- Venue: Alpensia Sliding Centre near Pyeongchang, South Korea
- Dates: 10–11 February 2018
- Competitors: 40 from 21 nations
- Winning time: 3:10.702

Medalists
- 1st place, gold medalist(s):  / David Gleirscher / Austria
- 2nd place, silver medalist(s):  / Chris Mazdzer / United States
- 3rd place, bronze medalist(s):  / Johannes Ludwig / Germany

= Luge at the 2018 Winter Olympics – Men's singles =

The men's luge at the 2018 Winter Olympics was held between 10 and 11 February 2018 at the Alpensia Sliding Centre near Pyeongchang, South Korea.

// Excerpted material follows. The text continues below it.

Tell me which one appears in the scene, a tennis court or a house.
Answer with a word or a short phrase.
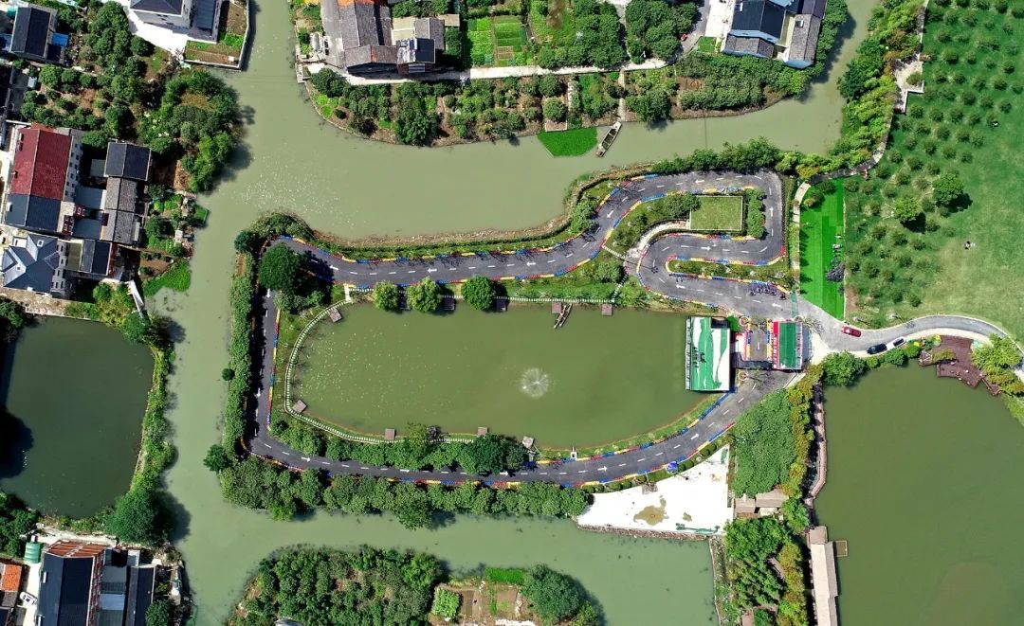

The event was won by David Gleirscher, who became the first Austrian to win men's luge since 1968. Chris Mazdzer won the silver medal, whereas Johannes Ludwig won the bronze. For all of them, this was the first Olympic medal, and the Mazdzer's medal is the first ever medal for the United States in men's singles luge. This is the first time since 1988 than none of the medalists in men's luge had a medal of previous Olympics. The favorite and the defending Olympic champion, Felix Loch, was leading the field after three runs, but in the last run made a mistake which cost him a medal.

==Qualifying athletes==
The field included the 2010 and the 2014 Olympic champion Felix Loch, who is also the 2017–18 Luge World Cup winner, the 2016–17 Luge World Cup winner Roman Repilov, and Wolfgang Kindl who finished second in the 2017–18 Luge World Cup. None of them won a medal.

==Competition schedule==
All times are (UTC+9).

| Date | Time | Event |
|---|---|---|
| 10 February | 19:10 | Run 1 |
| 10 February |  | Run 2 |
| 11 February | 18:50 | Run 3 |
| 11 February |  | Run 4 |

==Results==
Four runs, split over two days, were used to determine the winner.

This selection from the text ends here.